The Flits
- Location of The Flits.
- Area of search: Herefordshire
- Grid reference: SO378410
- Coordinates: 52°03′50″N 2°54′31″W﻿ / ﻿52.063866°N 2.9087252°W
- Area: 87.6 acres (0.3545 km^{2}; 0.1369 sq mi)
- Notification date: 1985

= The Flits =

Protected area in Herefordshire, England

The Flits is a Site of Special Scientific Interest (SSSI) near Holywell, six miles west of Hereford in Herefordshire, England. This protected area is also a National Nature Reserve.

== Biology ==
The vegetation within this protected area consists of marshy grassland. Plants include marsh pennywort and globe flower (this site is near the southern limit of the range of globe flower in Britain).
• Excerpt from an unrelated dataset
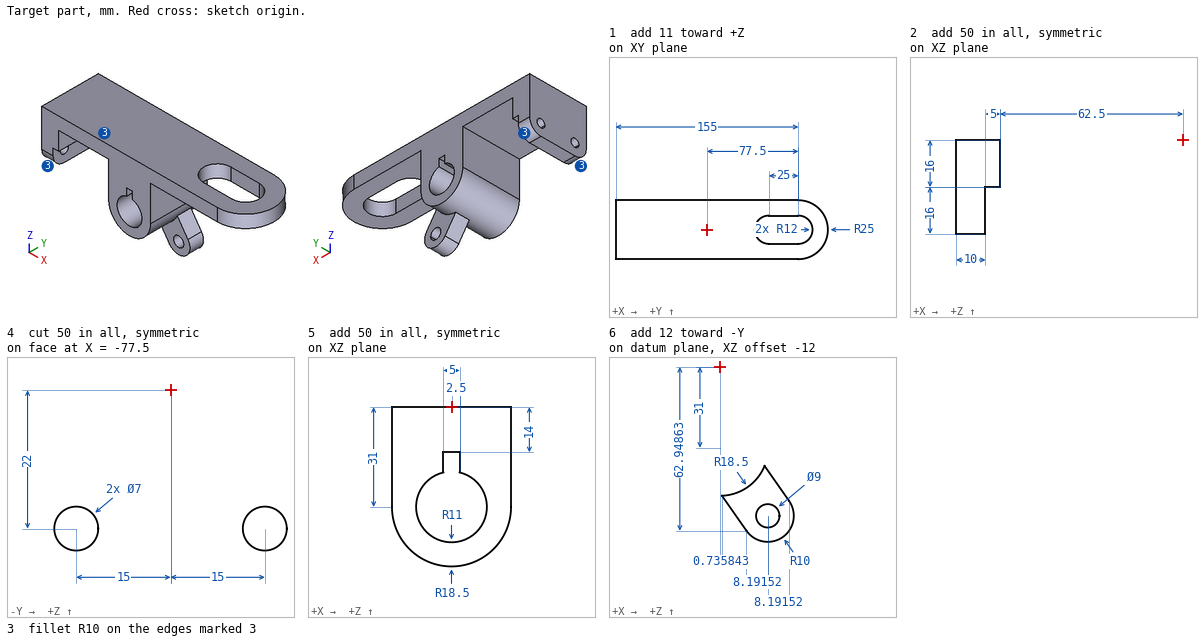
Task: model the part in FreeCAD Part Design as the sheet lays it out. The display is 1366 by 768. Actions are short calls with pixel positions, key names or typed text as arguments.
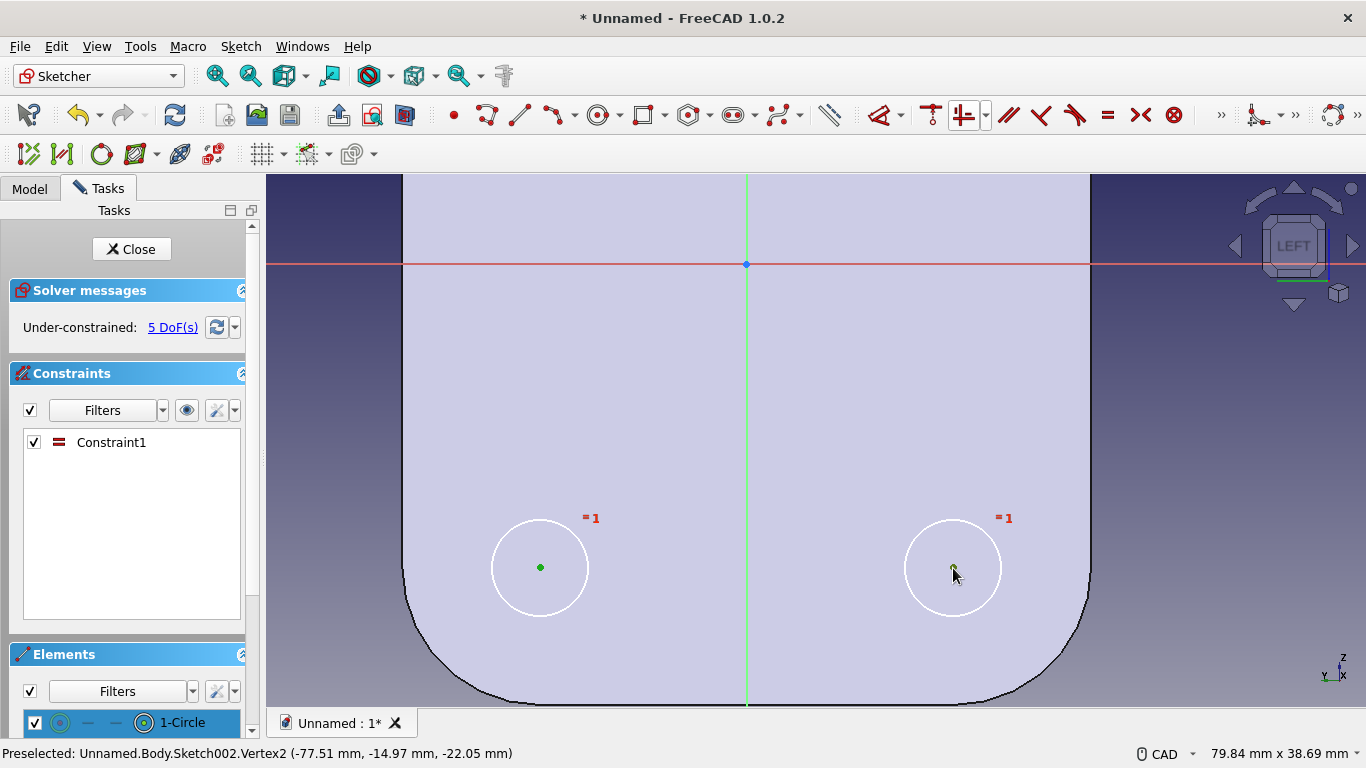
key(h)

The site is nationally important because of the diversity of insect species. Eight species of soldier flies, at least four species of crane flies and twelve species of snail flies have been recorded here. The beetle Cassida murraea has also been recorded here. Over two hundred butterfly and moth species have been recorded here.

Birds recorded at The Flits SSSI include snipe, curlew and lapwing.

== Geology ==
The soils are a mixture of peat and calcareous organic marls deposited in a glacial channel.

== Land ownership ==
Part of the land designated as The Flits SSSI is owned by the Duchy of Cornwall.